◆ What the task requires
Would you transcribe exactly the lines from the one containing "Convert formula to" to the last line of the data below, both ends included, but none of the pictures?

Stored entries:
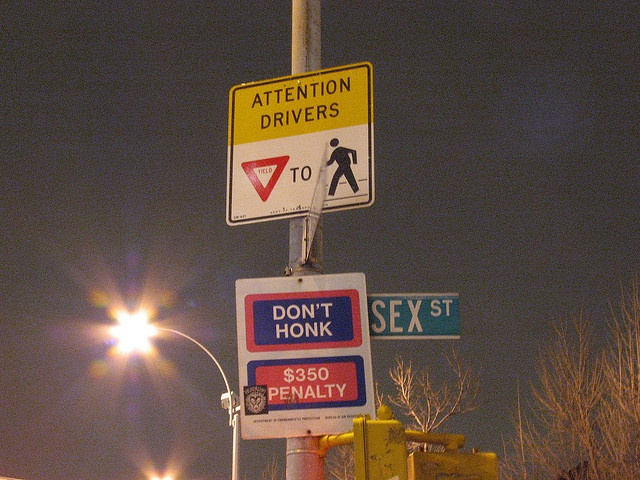Describe the objects in this image and their specific colors. I can see a traffic light in black, olive, maroon, and orange tones in this image. 
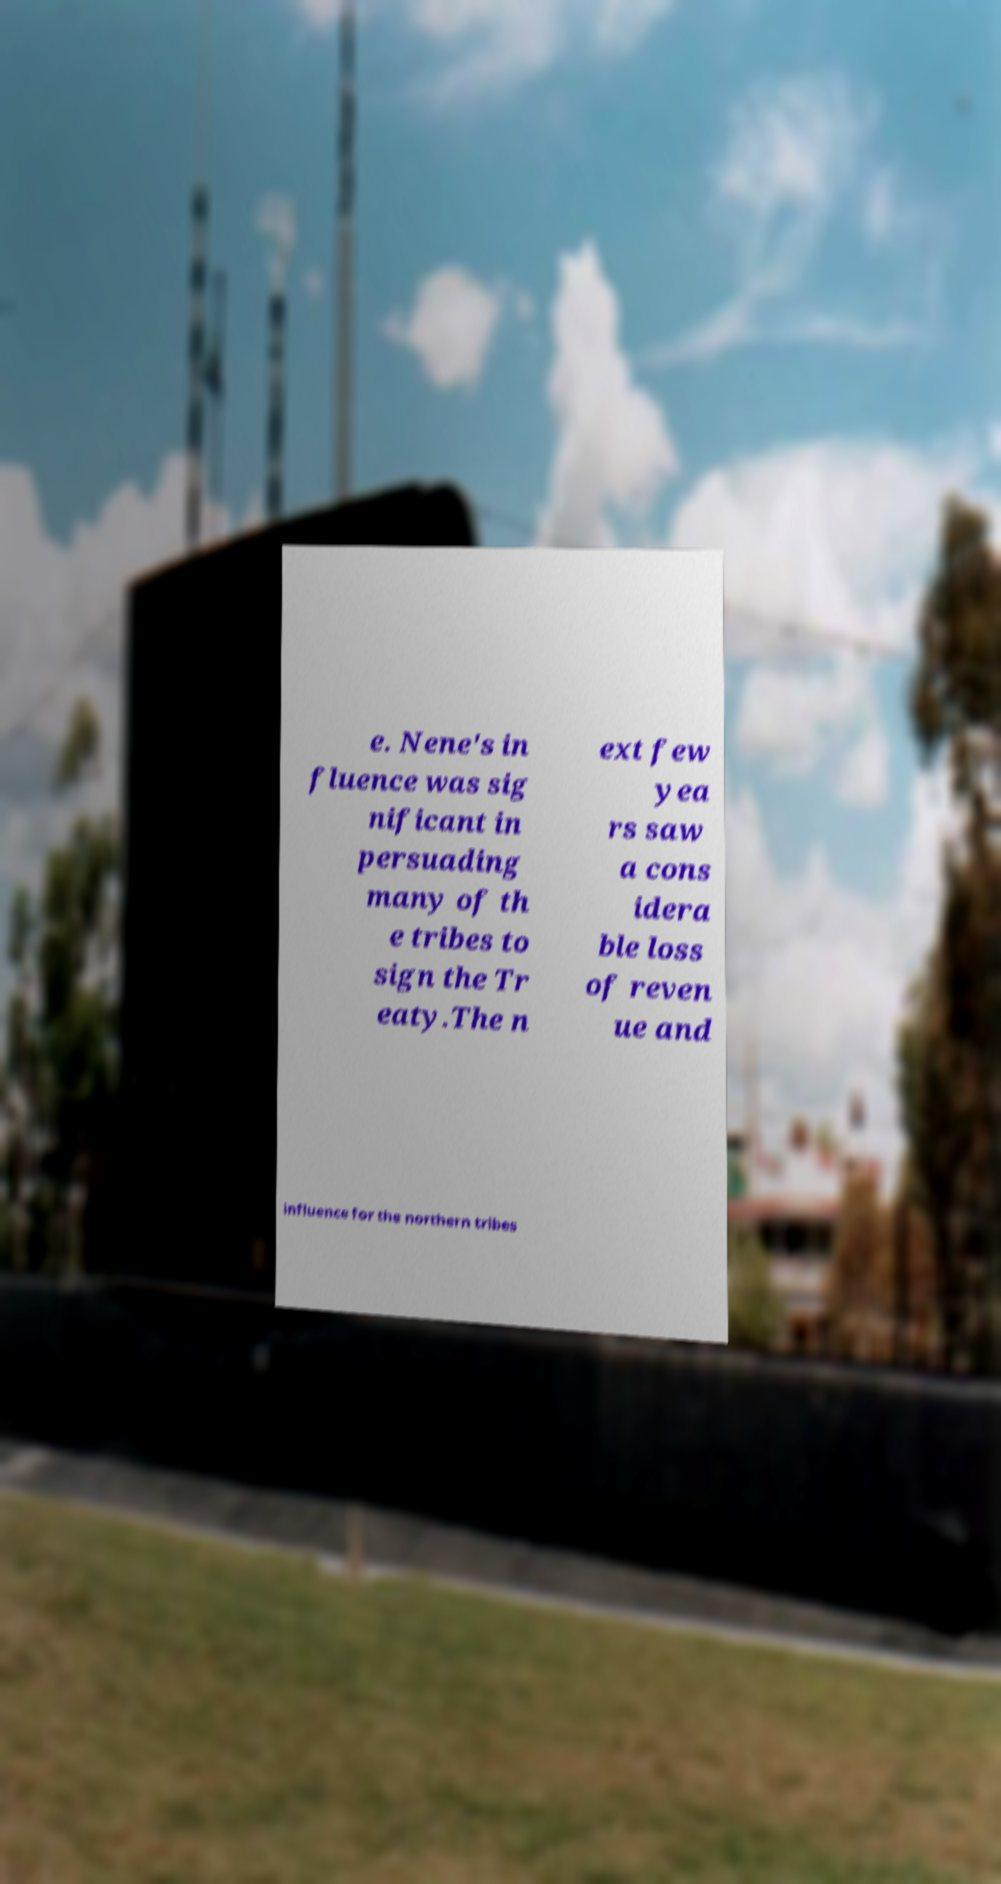For documentation purposes, I need the text within this image transcribed. Could you provide that? e. Nene's in fluence was sig nificant in persuading many of th e tribes to sign the Tr eaty.The n ext few yea rs saw a cons idera ble loss of reven ue and influence for the northern tribes 
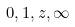<formula> <loc_0><loc_0><loc_500><loc_500>0 , 1 , z , \infty</formula> 
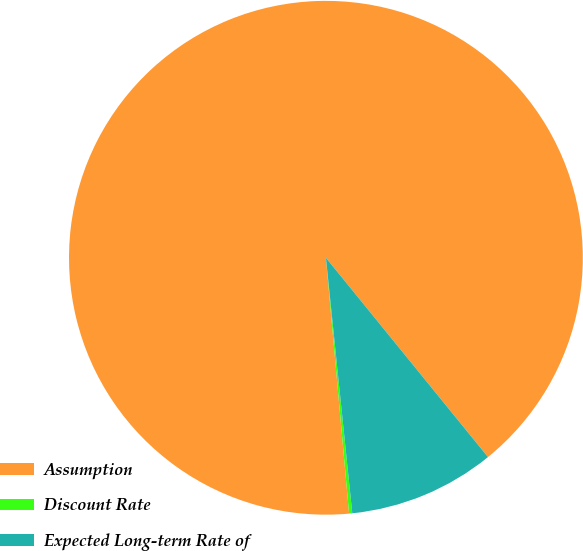Convert chart. <chart><loc_0><loc_0><loc_500><loc_500><pie_chart><fcel>Assumption<fcel>Discount Rate<fcel>Expected Long-term Rate of<nl><fcel>90.57%<fcel>0.2%<fcel>9.23%<nl></chart> 
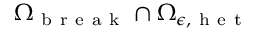Convert formula to latex. <formula><loc_0><loc_0><loc_500><loc_500>{ \Omega } _ { b r e a k } \cap { \Omega } _ { \epsilon , h e t }</formula> 
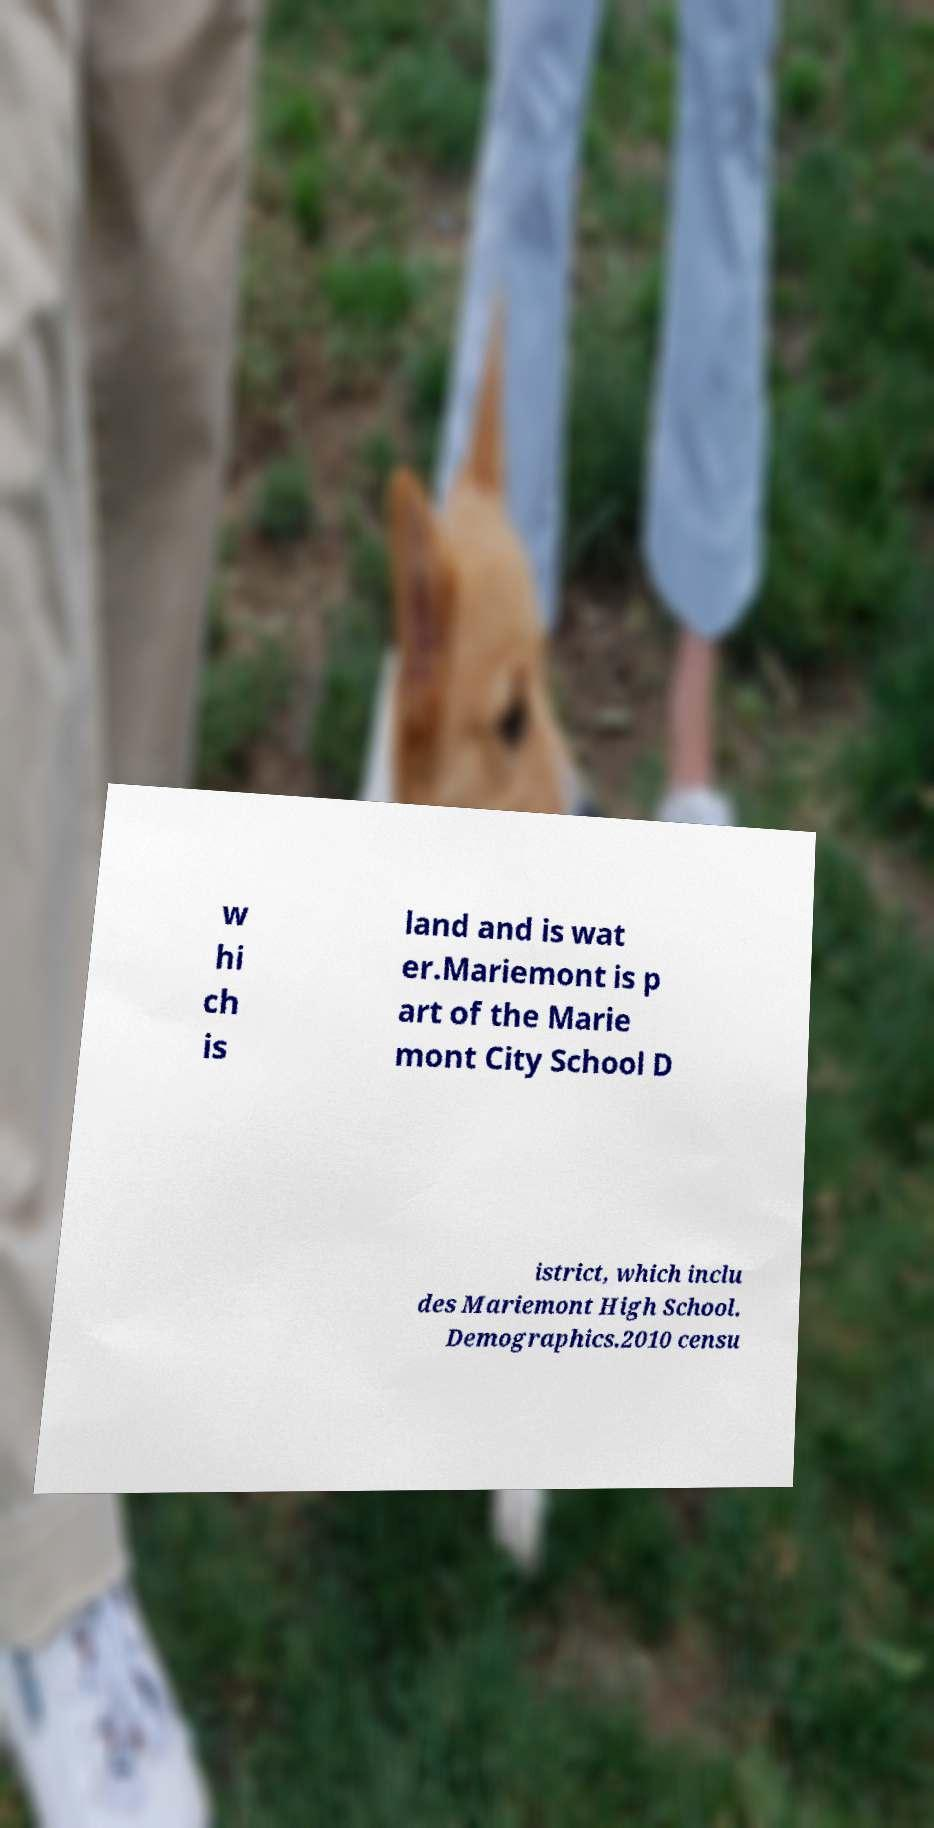I need the written content from this picture converted into text. Can you do that? w hi ch is land and is wat er.Mariemont is p art of the Marie mont City School D istrict, which inclu des Mariemont High School. Demographics.2010 censu

◆ Result of the task
Convert formula to latex. <formula><loc_0><loc_0><loc_500><loc_500>{ \Omega } _ { b r e a k } \cap { \Omega } _ { \epsilon , h e t }</formula> 
I need the written content from this picture converted into text. Can you do that? w hi ch is land and is wat er.Mariemont is p art of the Marie mont City School D istrict, which inclu des Mariemont High School. Demographics.2010 censu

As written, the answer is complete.